Start of Available data

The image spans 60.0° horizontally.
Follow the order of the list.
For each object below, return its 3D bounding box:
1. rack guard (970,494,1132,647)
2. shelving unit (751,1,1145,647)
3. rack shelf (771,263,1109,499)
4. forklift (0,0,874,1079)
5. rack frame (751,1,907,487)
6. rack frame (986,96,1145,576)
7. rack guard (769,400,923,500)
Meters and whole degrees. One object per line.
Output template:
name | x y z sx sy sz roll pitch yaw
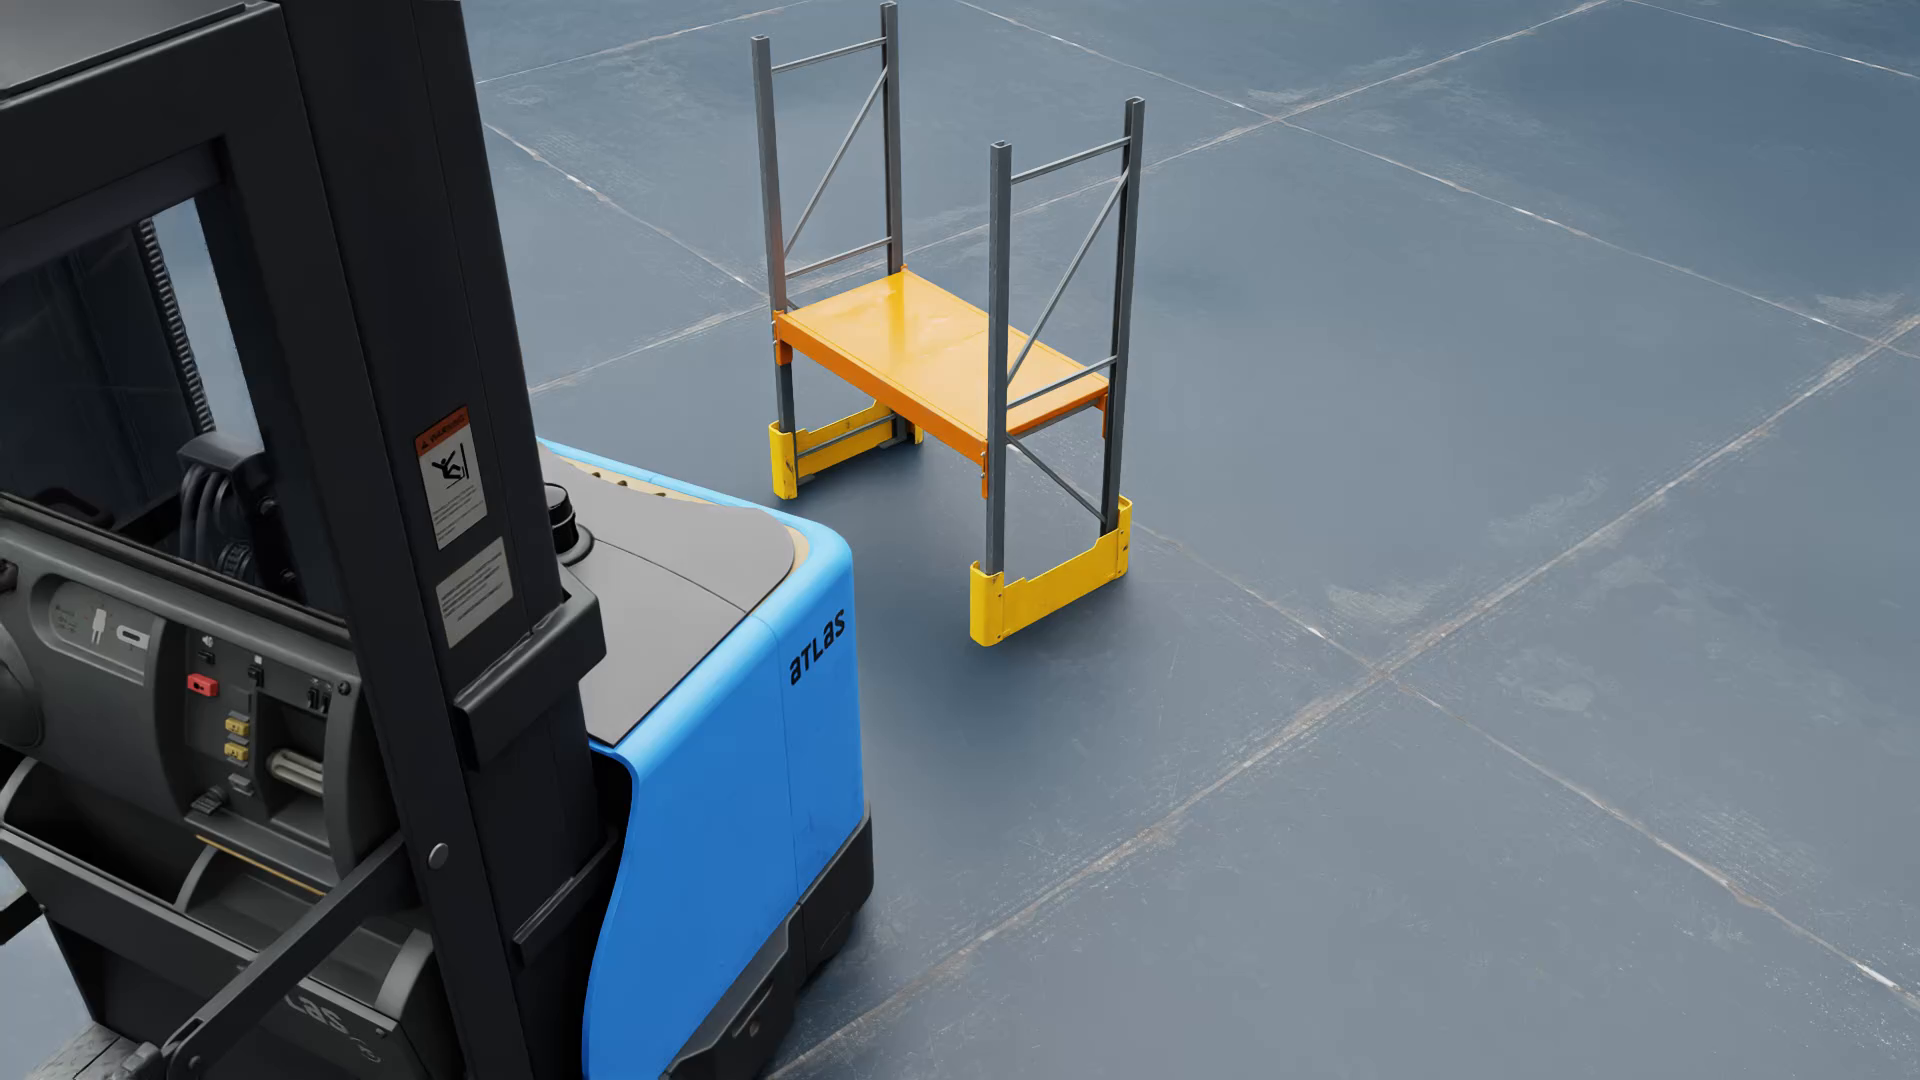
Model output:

End of Available data
Start of Available data

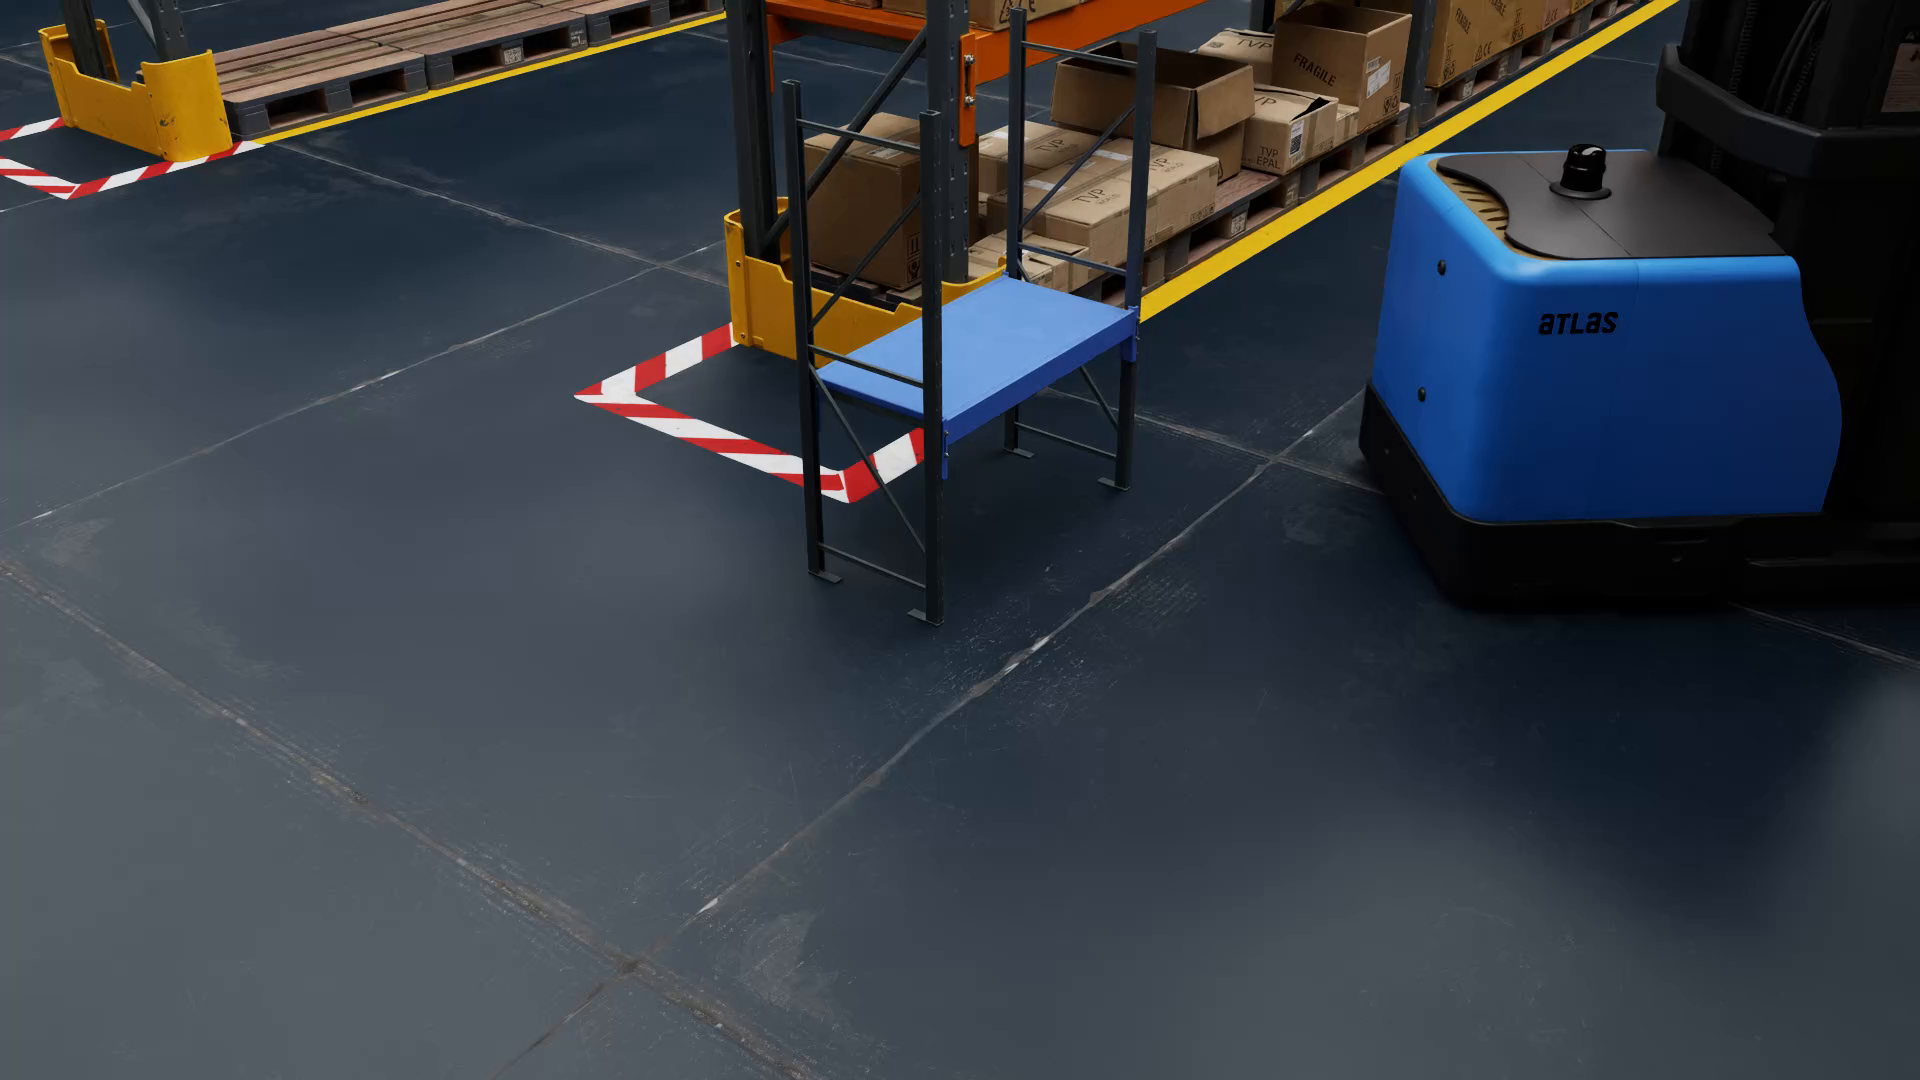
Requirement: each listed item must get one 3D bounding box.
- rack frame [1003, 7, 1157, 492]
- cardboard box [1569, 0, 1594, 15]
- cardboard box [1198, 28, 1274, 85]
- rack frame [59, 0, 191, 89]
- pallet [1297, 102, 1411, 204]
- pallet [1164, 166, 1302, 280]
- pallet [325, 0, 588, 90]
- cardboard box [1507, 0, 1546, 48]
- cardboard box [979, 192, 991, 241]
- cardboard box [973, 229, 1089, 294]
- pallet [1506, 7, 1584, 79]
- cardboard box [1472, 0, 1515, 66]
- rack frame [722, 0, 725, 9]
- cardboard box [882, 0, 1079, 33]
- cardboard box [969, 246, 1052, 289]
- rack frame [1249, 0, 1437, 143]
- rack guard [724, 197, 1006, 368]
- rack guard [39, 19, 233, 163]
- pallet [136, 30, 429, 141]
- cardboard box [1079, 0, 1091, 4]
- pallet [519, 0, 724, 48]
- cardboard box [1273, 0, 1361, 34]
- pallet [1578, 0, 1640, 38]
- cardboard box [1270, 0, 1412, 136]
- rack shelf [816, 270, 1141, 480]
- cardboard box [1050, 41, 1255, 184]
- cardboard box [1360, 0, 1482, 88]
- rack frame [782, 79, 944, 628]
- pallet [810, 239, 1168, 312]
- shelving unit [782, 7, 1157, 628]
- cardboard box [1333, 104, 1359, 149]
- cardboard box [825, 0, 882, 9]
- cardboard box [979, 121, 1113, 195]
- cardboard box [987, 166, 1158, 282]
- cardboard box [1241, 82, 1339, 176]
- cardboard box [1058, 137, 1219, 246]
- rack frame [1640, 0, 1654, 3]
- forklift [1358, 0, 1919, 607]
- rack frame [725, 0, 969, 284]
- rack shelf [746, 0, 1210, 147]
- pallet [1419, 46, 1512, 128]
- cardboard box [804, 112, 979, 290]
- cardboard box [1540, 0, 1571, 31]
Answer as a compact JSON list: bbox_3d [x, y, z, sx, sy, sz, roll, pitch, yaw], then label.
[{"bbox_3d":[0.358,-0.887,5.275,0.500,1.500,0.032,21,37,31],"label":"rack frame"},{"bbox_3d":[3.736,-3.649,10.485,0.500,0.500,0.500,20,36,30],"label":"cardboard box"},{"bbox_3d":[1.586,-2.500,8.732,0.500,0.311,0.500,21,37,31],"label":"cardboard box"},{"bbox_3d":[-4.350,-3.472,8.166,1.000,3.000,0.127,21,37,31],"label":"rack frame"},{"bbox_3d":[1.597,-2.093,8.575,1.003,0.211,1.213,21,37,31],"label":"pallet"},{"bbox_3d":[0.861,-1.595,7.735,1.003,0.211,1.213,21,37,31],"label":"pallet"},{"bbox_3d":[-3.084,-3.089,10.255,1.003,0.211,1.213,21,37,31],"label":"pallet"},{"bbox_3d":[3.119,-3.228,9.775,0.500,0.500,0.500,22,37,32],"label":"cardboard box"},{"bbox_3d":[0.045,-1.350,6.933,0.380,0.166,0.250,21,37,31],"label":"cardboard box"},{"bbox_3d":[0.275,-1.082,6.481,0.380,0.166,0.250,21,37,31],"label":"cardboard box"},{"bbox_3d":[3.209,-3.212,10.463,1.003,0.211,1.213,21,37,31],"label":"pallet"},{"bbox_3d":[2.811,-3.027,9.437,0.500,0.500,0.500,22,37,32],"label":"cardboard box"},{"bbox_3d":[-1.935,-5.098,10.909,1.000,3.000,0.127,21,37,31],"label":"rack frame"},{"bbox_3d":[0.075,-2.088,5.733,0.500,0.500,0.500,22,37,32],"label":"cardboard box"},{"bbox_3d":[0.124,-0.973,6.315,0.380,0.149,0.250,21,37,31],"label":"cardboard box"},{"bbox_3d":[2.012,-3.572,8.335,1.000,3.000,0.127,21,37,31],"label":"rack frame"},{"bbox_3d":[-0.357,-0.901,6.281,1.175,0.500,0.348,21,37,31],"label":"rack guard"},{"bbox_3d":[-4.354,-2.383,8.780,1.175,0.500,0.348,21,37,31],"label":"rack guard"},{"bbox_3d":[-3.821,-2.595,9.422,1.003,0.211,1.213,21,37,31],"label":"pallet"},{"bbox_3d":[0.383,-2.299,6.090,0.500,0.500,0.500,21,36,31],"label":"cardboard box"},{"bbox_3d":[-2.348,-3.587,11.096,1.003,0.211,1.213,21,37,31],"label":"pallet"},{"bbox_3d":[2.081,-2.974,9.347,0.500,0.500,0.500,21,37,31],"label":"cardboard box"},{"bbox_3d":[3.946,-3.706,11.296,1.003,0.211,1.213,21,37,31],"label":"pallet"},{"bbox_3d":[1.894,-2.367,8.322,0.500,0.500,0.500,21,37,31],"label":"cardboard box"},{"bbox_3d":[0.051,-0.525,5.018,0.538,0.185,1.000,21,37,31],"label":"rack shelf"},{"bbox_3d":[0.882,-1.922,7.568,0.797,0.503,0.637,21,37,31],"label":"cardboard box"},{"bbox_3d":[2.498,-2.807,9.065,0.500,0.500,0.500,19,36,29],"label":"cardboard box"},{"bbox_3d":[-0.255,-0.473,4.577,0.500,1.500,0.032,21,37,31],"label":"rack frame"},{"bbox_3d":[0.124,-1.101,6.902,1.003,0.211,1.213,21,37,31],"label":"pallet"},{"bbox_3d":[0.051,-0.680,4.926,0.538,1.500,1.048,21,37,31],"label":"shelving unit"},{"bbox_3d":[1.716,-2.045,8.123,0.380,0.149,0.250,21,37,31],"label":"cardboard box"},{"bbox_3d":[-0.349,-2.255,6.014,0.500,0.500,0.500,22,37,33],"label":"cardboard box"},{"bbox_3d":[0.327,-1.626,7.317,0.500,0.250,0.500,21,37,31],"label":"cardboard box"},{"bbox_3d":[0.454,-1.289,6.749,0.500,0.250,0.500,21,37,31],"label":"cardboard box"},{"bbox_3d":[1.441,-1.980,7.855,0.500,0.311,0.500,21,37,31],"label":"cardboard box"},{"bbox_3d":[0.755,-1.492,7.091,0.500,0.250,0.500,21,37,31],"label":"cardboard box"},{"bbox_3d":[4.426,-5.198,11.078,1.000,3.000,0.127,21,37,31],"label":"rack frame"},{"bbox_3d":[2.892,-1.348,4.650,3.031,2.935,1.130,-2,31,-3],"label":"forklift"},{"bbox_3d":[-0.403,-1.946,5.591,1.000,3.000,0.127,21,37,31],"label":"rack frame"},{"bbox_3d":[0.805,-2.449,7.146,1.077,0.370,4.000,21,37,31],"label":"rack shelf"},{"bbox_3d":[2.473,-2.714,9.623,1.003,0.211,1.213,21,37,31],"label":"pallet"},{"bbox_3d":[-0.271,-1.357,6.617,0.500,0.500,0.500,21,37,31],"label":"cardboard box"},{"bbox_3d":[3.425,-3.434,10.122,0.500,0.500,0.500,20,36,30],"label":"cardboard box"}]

End of Available data
Start of Available data

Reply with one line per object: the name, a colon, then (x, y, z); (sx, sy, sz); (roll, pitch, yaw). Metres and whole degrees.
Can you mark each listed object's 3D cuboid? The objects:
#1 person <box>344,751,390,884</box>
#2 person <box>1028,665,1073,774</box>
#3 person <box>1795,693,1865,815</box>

End of Available data

## Task goal
Please transcribe exactly the lines above from the line that has "- cardboard box [1333, 104, 1359, 149]" up to and including the line that has "- cardboard box [1540, 0, 1571, 31]"; no other line belongs in the answer.

## The completed task
- cardboard box [1333, 104, 1359, 149]
- cardboard box [825, 0, 882, 9]
- cardboard box [979, 121, 1113, 195]
- cardboard box [987, 166, 1158, 282]
- cardboard box [1241, 82, 1339, 176]
- cardboard box [1058, 137, 1219, 246]
- rack frame [1640, 0, 1654, 3]
- forklift [1358, 0, 1919, 607]
- rack frame [725, 0, 969, 284]
- rack shelf [746, 0, 1210, 147]
- pallet [1419, 46, 1512, 128]
- cardboard box [804, 112, 979, 290]
- cardboard box [1540, 0, 1571, 31]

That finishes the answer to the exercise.